Data excerpts ->

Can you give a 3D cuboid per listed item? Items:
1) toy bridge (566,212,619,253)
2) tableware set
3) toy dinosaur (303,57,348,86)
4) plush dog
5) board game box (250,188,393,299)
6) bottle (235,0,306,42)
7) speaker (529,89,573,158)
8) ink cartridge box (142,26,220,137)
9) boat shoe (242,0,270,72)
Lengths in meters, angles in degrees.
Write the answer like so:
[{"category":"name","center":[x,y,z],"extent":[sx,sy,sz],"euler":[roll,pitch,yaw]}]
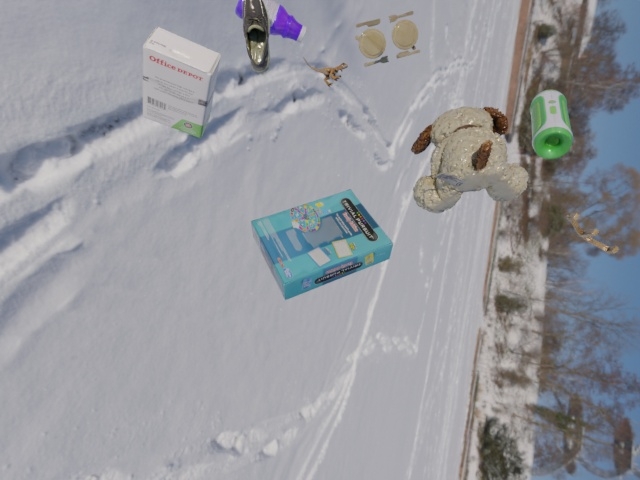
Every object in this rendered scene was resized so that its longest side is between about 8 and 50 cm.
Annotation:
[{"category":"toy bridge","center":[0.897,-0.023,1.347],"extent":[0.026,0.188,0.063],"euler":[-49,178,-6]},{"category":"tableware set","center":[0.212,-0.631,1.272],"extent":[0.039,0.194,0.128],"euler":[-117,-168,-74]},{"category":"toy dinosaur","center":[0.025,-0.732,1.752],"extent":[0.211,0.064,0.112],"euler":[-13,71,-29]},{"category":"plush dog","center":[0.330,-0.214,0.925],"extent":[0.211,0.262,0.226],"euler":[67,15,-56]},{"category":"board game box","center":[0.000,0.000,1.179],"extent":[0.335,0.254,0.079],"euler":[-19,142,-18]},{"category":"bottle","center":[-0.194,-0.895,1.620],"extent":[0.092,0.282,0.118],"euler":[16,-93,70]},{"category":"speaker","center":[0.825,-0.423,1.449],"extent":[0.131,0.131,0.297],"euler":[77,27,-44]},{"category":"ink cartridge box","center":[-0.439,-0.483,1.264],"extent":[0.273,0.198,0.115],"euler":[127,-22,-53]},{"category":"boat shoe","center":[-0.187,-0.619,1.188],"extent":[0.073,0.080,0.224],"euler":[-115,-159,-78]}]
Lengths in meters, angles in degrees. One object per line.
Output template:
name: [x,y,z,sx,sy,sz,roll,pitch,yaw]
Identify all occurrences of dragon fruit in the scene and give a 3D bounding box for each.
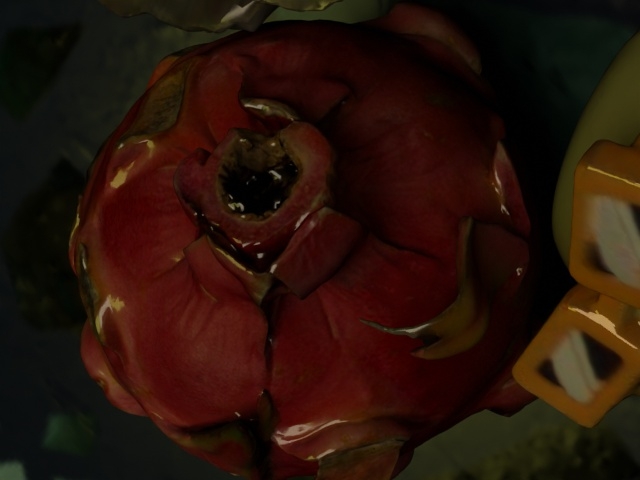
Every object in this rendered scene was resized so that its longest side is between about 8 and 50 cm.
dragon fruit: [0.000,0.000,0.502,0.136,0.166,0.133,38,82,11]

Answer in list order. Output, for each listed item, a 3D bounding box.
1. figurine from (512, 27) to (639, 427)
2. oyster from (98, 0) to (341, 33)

Problem statement ->
Are you able to set down all the lines above exactly, without any pictures?

Result of the task ->
Can you give a 3D cuboid per listed item? Items:
1) toy bridge (566,212,619,253)
2) tableware set
3) toy dinosaur (303,57,348,86)
4) plush dog
5) board game box (250,188,393,299)
6) bottle (235,0,306,42)
7) speaker (529,89,573,158)
8) ink cartridge box (142,26,220,137)
9) boat shoe (242,0,270,72)
Lengths in meters, angles in degrees.
Write the answer like so:
[{"category":"name","center":[x,y,z],"extent":[sx,sy,sz],"euler":[roll,pitch,yaw]}]
Every object in this rendered scene was resized so that its longest side is between about 8 and 50 cm.
Annotation:
[{"category":"toy bridge","center":[0.897,-0.023,1.347],"extent":[0.026,0.188,0.063],"euler":[-49,178,-6]},{"category":"tableware set","center":[0.212,-0.631,1.272],"extent":[0.039,0.194,0.128],"euler":[-117,-168,-74]},{"category":"toy dinosaur","center":[0.025,-0.732,1.752],"extent":[0.211,0.064,0.112],"euler":[-13,71,-29]},{"category":"plush dog","center":[0.330,-0.214,0.925],"extent":[0.211,0.262,0.226],"euler":[67,15,-56]},{"category":"board game box","center":[0.000,0.000,1.179],"extent":[0.335,0.254,0.079],"euler":[-19,142,-18]},{"category":"bottle","center":[-0.194,-0.895,1.620],"extent":[0.092,0.282,0.118],"euler":[16,-93,70]},{"category":"speaker","center":[0.825,-0.423,1.449],"extent":[0.131,0.131,0.297],"euler":[77,27,-44]},{"category":"ink cartridge box","center":[-0.439,-0.483,1.264],"extent":[0.273,0.198,0.115],"euler":[127,-22,-53]},{"category":"boat shoe","center":[-0.187,-0.619,1.188],"extent":[0.073,0.080,0.224],"euler":[-115,-159,-78]}]
Lengths in meters, angles in degrees. One object per line.
Output template:
name: [x,y,z,sx,sy,sz,roll,pitch,yaw]
Identify all occurrences of dragon fruit in the scene and give a 3D bounding box for each.
Every object in this rendered scene was resized so that its longest side is between about 8 and 50 cm.
dragon fruit: [0.000,0.000,0.502,0.136,0.166,0.133,38,82,11]

Answer in list order. Output, for each listed item, a 3D bounding box.
1. figurine from (512, 27) to (639, 427)
2. oyster from (98, 0) to (341, 33)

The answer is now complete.